# Thoughts on Shallow Sport 21 modified V



## 'Nano-Skiff' (Aug 27, 2012)

It looks really nice but I don't have anything valuable to say about it.


----------



## AfterHours2 (Aug 2, 2010)

Video looks pretty impressive but I would not want to be personally stuck in 3-4 seas in that thing. It looked uncomfortable just in the shots of the bay runs..


----------



## Godzuki86 (Nov 30, 2013)

I'd pass on being in 3-4 footers stuck on something less than 30' hah. Getting beat up in any boat isn't fun


----------



## mpsig13 (Jan 6, 2011)

Its a flats boat with a center console..... Physics are a bitch and so are hydrodynamics. I don't care what anyone advertises for a flats boat you will get spray and a less than perfect ride in rough seas. When you seek shallow draft you sacrifice comfort. I have owned many boats, Hells bay, Hydra sport, Pathfinder, Shipoke....to name few. The 0 deadrise transom means rough ride in chop. But if 9 times out of 10 you are running less than 2 or 3 miles then go for it. If you have to run 20 miles to get to the fishing grounds then you might need a specialized skiff (or move to florida). Either way good luck.


----------



## Whiskey Angler (Mar 20, 2015)

mpsig13 said:


> Its a flats boat with a center console..... Physics are a bitch and so are hydrodynamics. I don't care what anyone advertises for a flats boat you will get spray and a less than perfect ride in rough seas. When you seek shallow draft you sacrifice comfort. I have owned many boats, Hells bay, Hydra sport, Pathfinder, Shipoke....to name few. The 0 deadrise transom means rough ride in chop. But if 9 times out of 10 you are running less than 2 or 3 miles then go for it. If you have to run 20 miles to get to the fishing grounds then you might need a specialized skiff (or move to florida). Either way good luck.

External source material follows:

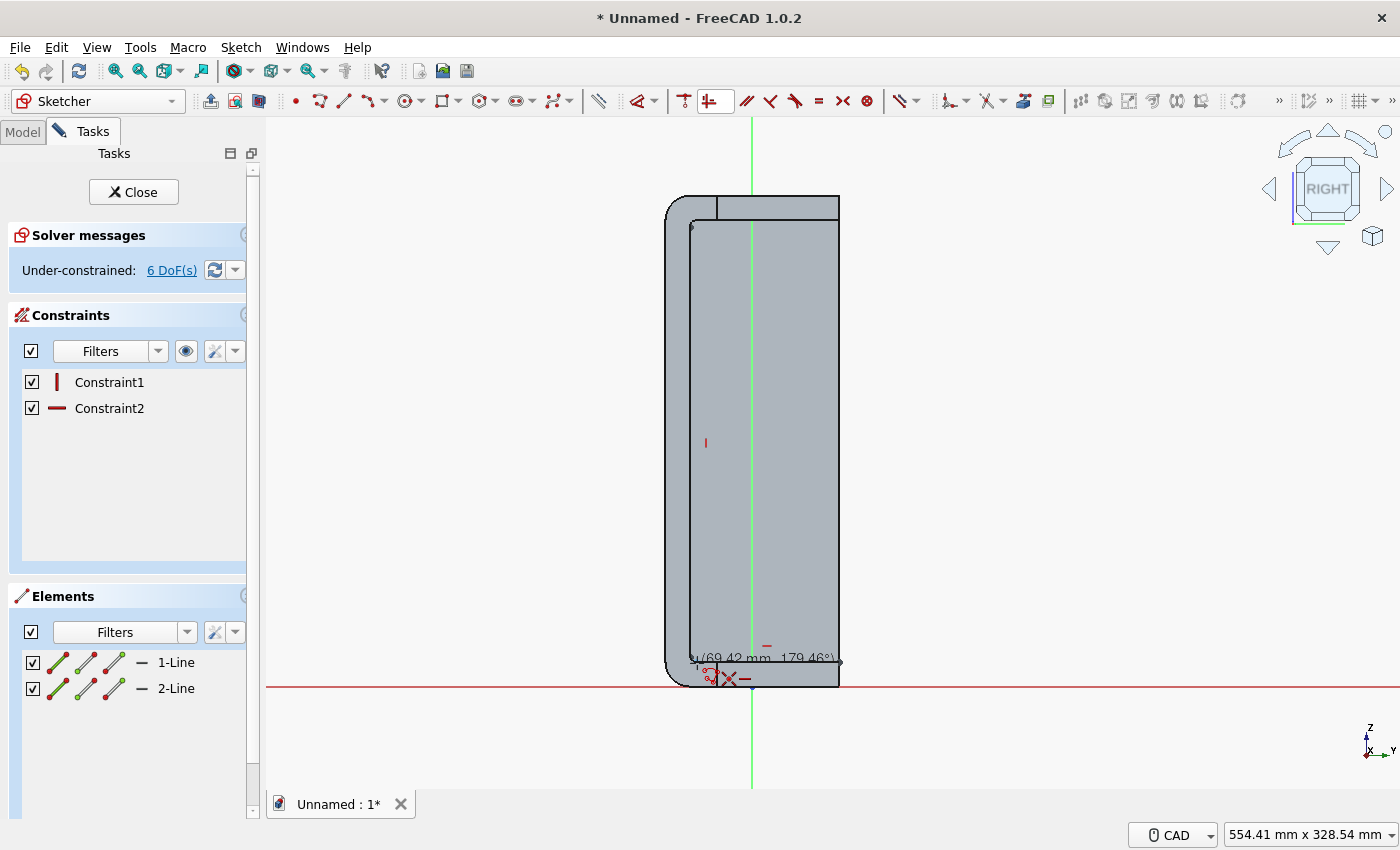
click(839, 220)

I've ridden in a few shallows sports, and other mod-v bay boats like Gulf Coast boats, and although Shallow Sports are well put together, capable of shallow take off, and shallow running depth, I do not consider them a comfortable ride in heavy chop or swell...they land HARD when bouncing over chop.


----------



## Matts (Sep 2, 2015)

I've never ridden in one but they are everywhere here in Corpus. I'm sure they run shallow but they are large and I can only imagine the hull weight and what it would be like to stick one on a bar...


----------